Helicase enzymes are known for unzipping the DNA double helix during DNA replication, where the entire genetic code is duplicated. This raises the question of whether helicase performs the same function during transcription, the process of creating an RNA copy of a gene. Although both processes require separating DNA strands, the primary enzymes and mechanisms involved are different.
The Role of Helicase in DNA Replication
During DNA replication, a cell duplicates its entire genome. For this to happen, the two strands of the DNA double helix must be separated, which is the primary job of DNA helicase. This enzyme moves along the DNA, breaking the hydrogen bonds between base pairs. This unwinding creates a replication fork, providing the single-stranded templates for DNA polymerase to synthesize new strands.
The action of helicase in replication is extensive, as it unzips large portions of the chromosome. This ensures each new DNA molecule is an identical copy of the original, containing one old and one new strand. The continuous separation of the DNA strands is driven by the ATP-powered action of DNA helicase.
Unwinding DNA for Transcription
Transcription copies a specific gene into a messenger RNA (mRNA) molecule. The primary enzyme, RNA polymerase, is responsible for both synthesizing RNA and unwinding the DNA. Unlike replication, a separate helicase is not the main enzyme used, as RNA polymerase has its own intrinsic helicase-like activity to separate the DNA strands.
As RNA polymerase moves along a gene, it unwinds a small portion of the DNA, creating a temporary “transcription bubble” about 10-20 base pairs long. The enzyme uses one DNA strand as a template to build the RNA molecule. As the polymerase advances, the DNA double helix rewinds behind it, so only a small segment is unwound at any moment.
This localized unwinding is a major distinction from the extensive separation seen in DNA replication. This method ensures the rest of the chromosome remains stable while allowing targeted access to genetic information.
The Function of Transcription Factors
RNA polymerase does not work alone during transcription. To begin, it requires help from proteins called general transcription factors, which assemble at the gene’s starting point, or promoter. One of these complexes, Transcription Factor II H (TFIIH), has a subunit with helicase activity.
The helicase component of TFIIH functions at the start of transcription. It pries open the DNA double helix at the promoter, creating the initial opening for RNA polymerase to bind to the template strand. This ATP-dependent activity allows RNA synthesis to begin.
Once RNA polymerase begins moving and creating the RNA strand, the unwinding function is taken over by the polymerase itself. The helicase activity of TFIIH is therefore confined to the initiation phase of transcription.
Comparing the Unwinding Processes
The unwinding of DNA in replication and transcription differs in the enzymes involved. Replication uses a dedicated DNA helicase, while transcription primarily relies on the intrinsic activity of RNA polymerase, with an initial assist from TFIIH.
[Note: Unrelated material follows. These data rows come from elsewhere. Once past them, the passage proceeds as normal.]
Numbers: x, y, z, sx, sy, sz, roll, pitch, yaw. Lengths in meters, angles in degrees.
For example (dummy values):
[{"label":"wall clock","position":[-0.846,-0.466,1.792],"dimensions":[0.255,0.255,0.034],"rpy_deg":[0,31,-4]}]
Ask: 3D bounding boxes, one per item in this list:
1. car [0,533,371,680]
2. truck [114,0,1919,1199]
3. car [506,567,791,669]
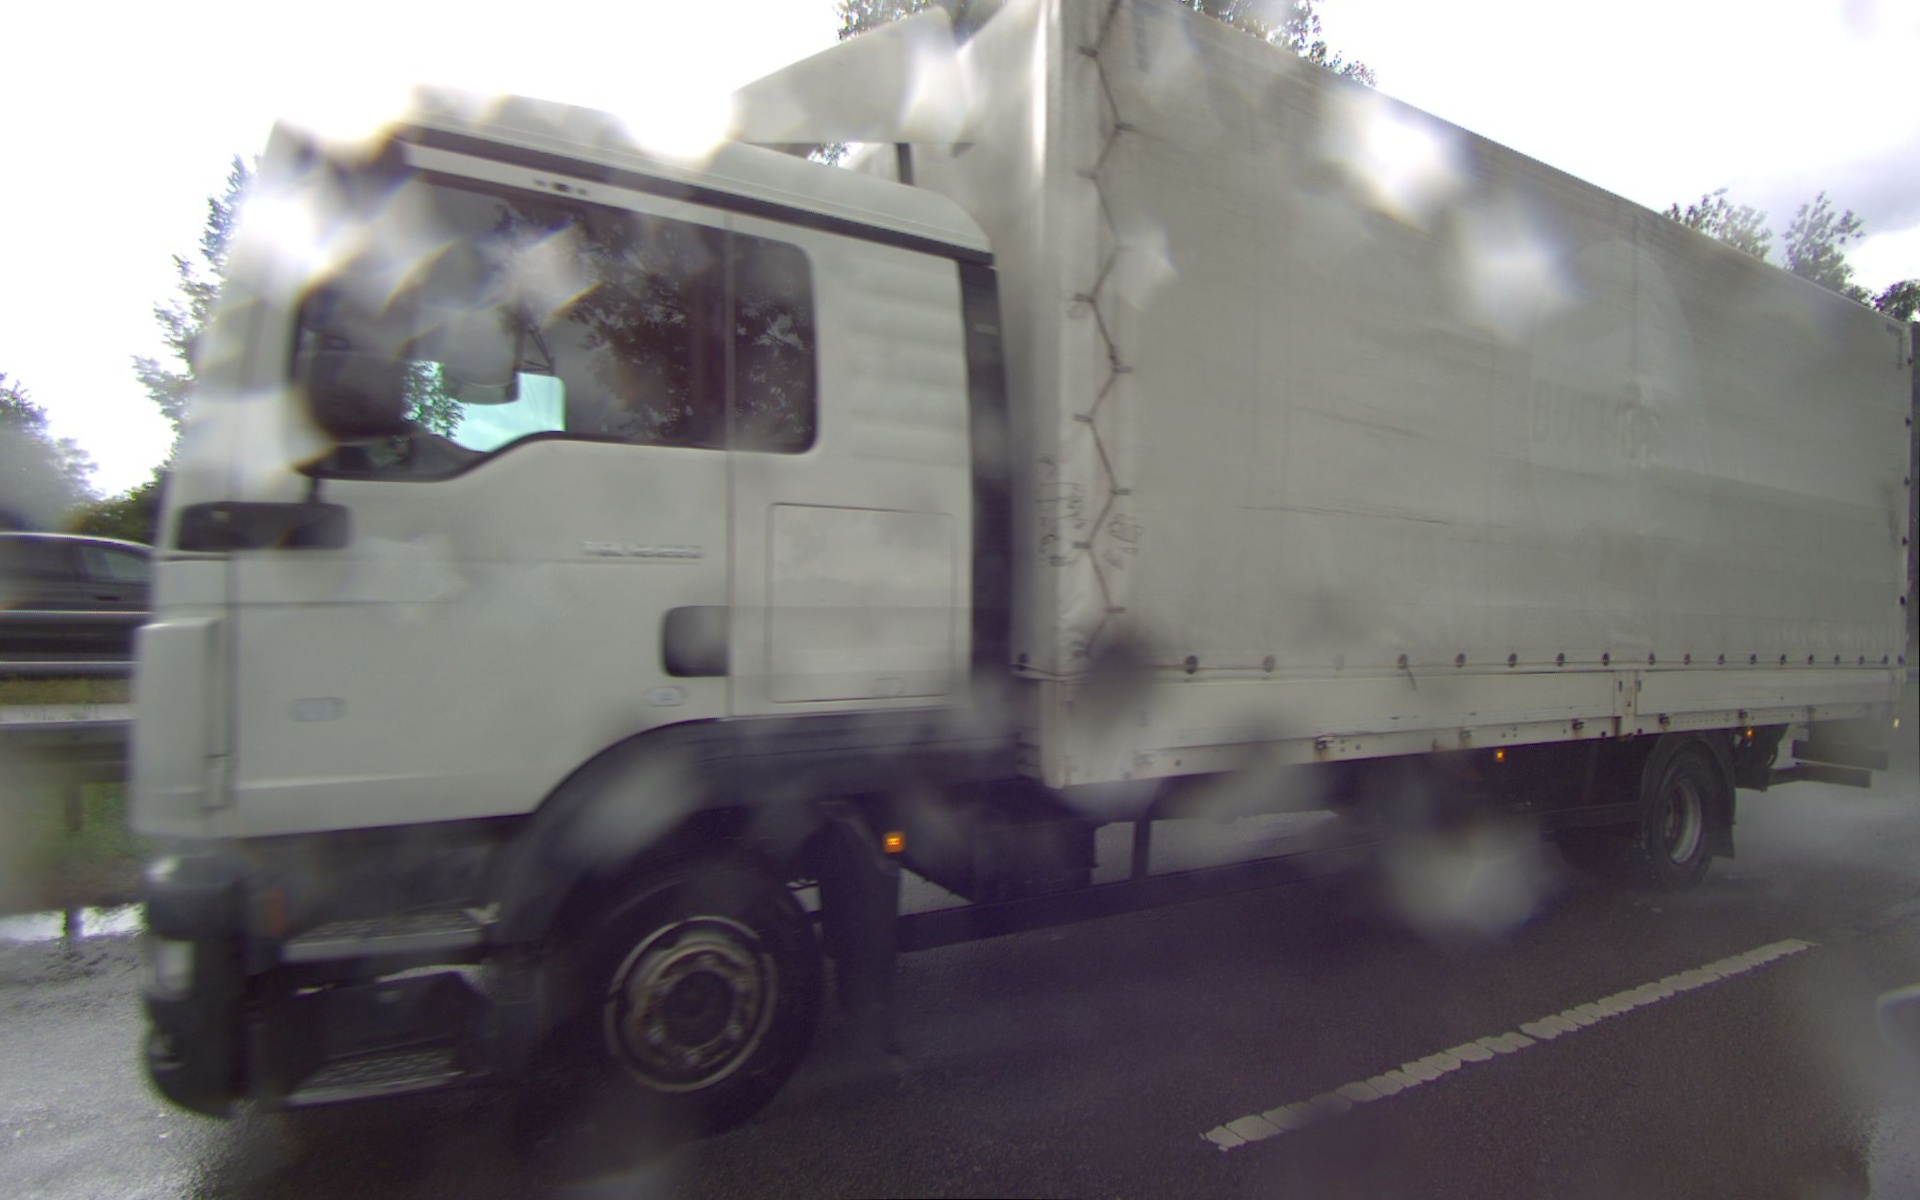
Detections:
[{"label":"car","position":[-9.707,0.074,11.450],"dimensions":[5.071,1.511,1.505],"rpy_deg":[1,0,-35]},{"label":"truck","position":[1.879,-0.289,5.381],"dimensions":[9.448,3.498,2.563],"rpy_deg":[1,0,-32]},{"label":"car","position":[-4.556,0.266,14.957],"dimensions":[3.858,1.348,1.274],"rpy_deg":[1,0,-35]}]

The scale of unwinding is another distinction. Replication unwinds vast sections of DNA to prepare the entire genome for duplication. Transcription involves creating a small, transient bubble that moves along a single gene, with the DNA reforming immediately after.
The purpose also differs. Replication aims to create two complete copies of the genome for cell division. Transcription’s goal is to produce an RNA copy of a single gene to be used for protein synthesis.
Additional Helicase Functions in Gene Expression
Proteins with helicase activity are involved in more than just initiating transcription. For instance, the bacterial helicase protein Rho helps terminate transcription. Rho moves along the new RNA transcript and helps dissociate it from the DNA template, ending the process.
Helicase domains are also found in proteins that perform chromatin remodeling, which is the loosening of the DNA-protein complex. For a gene to be transcribed, the chromatin must be opened to allow access for enzymes. Chromatin remodeling complexes use helicase-like activity to reposition parts of the chromatin, regulating gene accessibility.